# Exercise:
Copy whichever lines of the data hold the word "Answer".

(Source records)

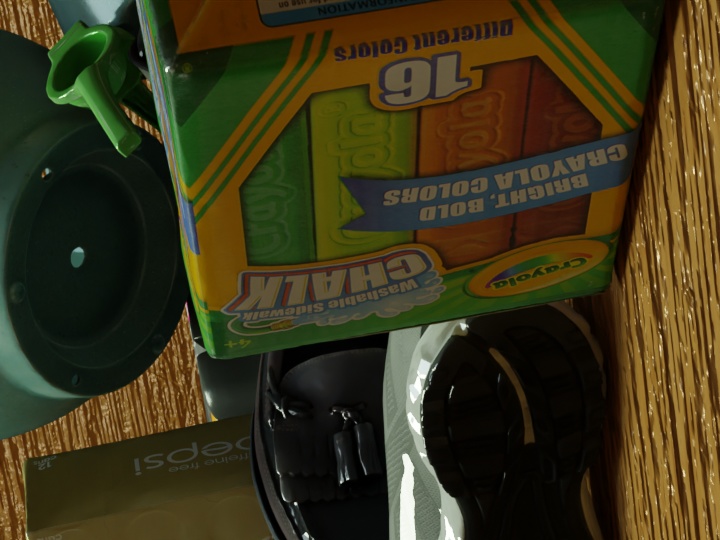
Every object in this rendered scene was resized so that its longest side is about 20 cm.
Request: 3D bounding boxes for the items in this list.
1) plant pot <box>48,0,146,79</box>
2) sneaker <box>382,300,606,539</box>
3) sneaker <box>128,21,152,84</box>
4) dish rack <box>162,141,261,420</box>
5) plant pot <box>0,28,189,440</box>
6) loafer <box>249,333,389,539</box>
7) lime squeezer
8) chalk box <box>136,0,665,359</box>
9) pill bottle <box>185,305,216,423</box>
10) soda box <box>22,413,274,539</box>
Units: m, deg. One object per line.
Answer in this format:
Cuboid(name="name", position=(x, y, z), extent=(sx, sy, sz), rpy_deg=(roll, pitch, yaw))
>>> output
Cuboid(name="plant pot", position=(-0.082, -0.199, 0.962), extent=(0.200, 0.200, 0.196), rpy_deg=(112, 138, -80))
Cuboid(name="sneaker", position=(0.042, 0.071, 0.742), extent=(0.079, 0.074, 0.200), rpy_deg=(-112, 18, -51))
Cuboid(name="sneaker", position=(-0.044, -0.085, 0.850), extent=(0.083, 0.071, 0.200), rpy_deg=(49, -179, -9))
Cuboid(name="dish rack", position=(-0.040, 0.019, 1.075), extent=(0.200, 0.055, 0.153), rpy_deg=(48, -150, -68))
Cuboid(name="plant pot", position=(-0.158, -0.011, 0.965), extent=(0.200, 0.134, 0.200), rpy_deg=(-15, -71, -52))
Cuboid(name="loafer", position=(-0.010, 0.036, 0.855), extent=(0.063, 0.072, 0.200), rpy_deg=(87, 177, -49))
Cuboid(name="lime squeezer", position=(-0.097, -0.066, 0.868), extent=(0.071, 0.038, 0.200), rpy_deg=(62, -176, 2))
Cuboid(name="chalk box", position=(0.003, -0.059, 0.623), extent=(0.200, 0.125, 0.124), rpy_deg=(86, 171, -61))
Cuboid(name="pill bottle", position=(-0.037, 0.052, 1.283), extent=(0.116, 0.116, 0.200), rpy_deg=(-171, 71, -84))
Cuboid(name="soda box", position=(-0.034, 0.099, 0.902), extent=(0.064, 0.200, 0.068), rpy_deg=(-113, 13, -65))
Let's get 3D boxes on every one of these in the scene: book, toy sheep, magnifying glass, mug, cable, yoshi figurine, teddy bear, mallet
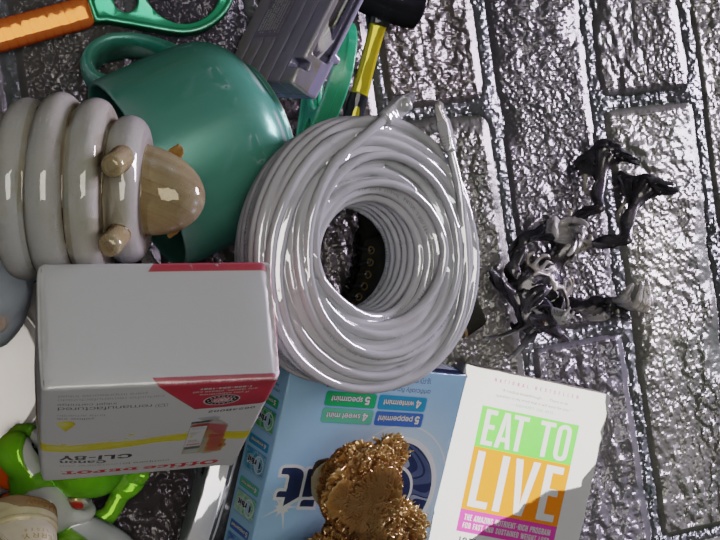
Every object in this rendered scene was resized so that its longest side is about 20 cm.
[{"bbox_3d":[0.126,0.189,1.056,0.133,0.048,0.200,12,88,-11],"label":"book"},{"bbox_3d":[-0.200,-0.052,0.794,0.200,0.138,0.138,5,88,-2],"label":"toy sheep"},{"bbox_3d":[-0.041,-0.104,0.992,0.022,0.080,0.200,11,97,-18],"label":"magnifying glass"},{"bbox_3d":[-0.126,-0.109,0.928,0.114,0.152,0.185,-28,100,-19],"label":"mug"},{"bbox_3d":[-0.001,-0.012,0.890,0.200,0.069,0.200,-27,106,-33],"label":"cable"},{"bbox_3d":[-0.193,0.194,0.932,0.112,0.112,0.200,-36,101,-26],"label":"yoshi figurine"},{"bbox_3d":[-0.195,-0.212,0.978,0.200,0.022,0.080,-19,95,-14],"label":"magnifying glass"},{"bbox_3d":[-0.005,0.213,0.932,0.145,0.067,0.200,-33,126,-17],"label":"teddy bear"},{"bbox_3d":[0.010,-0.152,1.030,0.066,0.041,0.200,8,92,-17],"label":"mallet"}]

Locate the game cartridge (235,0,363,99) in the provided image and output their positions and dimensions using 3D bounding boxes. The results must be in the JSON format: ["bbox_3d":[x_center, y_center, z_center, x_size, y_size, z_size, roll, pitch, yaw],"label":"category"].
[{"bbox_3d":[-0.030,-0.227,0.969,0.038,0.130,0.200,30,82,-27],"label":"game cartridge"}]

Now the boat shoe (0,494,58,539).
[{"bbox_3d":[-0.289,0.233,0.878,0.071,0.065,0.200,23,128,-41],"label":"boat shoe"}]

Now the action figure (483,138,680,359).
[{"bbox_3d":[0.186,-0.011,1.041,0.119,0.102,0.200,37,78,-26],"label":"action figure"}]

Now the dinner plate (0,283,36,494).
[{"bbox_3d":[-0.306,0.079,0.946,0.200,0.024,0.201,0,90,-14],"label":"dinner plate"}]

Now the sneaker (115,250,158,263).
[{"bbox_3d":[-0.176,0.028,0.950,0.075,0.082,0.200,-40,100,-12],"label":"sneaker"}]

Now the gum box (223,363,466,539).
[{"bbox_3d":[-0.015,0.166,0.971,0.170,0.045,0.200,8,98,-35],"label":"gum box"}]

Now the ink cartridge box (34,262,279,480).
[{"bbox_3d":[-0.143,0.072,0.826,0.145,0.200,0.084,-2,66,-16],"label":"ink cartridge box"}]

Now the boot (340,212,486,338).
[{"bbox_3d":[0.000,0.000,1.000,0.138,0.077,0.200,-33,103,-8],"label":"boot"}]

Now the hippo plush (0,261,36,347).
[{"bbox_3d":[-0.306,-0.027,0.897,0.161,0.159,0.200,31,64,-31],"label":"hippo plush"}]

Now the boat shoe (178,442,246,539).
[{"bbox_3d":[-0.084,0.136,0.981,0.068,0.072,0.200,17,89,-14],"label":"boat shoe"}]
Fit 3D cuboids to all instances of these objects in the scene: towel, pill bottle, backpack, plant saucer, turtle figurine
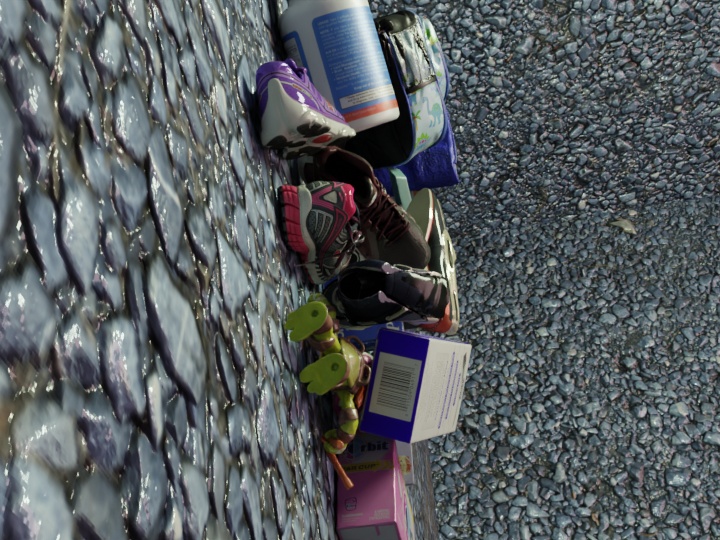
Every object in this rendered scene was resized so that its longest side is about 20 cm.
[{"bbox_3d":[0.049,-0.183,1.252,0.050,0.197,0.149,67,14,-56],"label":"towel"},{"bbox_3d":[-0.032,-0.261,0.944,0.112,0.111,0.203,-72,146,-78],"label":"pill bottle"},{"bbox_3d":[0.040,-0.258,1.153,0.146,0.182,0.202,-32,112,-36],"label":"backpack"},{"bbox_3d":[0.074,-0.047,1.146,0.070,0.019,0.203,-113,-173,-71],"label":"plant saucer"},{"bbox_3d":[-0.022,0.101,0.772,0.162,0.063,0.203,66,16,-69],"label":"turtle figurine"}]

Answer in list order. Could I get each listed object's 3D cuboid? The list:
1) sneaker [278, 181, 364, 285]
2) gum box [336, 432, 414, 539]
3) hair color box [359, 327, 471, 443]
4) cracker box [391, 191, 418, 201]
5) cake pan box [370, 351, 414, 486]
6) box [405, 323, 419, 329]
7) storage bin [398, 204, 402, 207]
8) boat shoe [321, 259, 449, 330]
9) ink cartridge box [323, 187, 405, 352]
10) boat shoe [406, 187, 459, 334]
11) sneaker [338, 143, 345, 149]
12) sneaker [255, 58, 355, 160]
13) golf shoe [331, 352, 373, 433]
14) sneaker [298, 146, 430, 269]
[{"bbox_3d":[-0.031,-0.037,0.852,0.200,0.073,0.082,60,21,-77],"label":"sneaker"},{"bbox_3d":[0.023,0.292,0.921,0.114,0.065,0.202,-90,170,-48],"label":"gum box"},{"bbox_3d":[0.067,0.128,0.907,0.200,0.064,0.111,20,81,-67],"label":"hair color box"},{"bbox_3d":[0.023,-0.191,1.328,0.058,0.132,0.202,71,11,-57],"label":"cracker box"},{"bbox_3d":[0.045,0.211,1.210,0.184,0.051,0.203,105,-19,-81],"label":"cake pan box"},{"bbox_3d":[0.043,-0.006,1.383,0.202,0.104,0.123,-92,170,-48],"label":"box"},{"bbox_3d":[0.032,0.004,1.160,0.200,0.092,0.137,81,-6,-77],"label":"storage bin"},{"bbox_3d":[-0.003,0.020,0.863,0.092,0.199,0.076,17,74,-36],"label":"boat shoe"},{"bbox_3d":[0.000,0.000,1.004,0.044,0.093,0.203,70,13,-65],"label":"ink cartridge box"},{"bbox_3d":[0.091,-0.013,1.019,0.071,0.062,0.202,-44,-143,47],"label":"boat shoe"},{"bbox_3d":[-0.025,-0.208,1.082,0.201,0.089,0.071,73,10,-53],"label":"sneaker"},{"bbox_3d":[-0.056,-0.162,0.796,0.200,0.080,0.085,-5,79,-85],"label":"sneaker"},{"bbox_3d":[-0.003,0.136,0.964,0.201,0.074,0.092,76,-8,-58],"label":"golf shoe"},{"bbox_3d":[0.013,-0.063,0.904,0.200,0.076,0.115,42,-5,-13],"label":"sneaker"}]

(End Source records)

# Result:
Answer in this format:
Answer in list order. Could I get each listed object's 3D cuboid? The list:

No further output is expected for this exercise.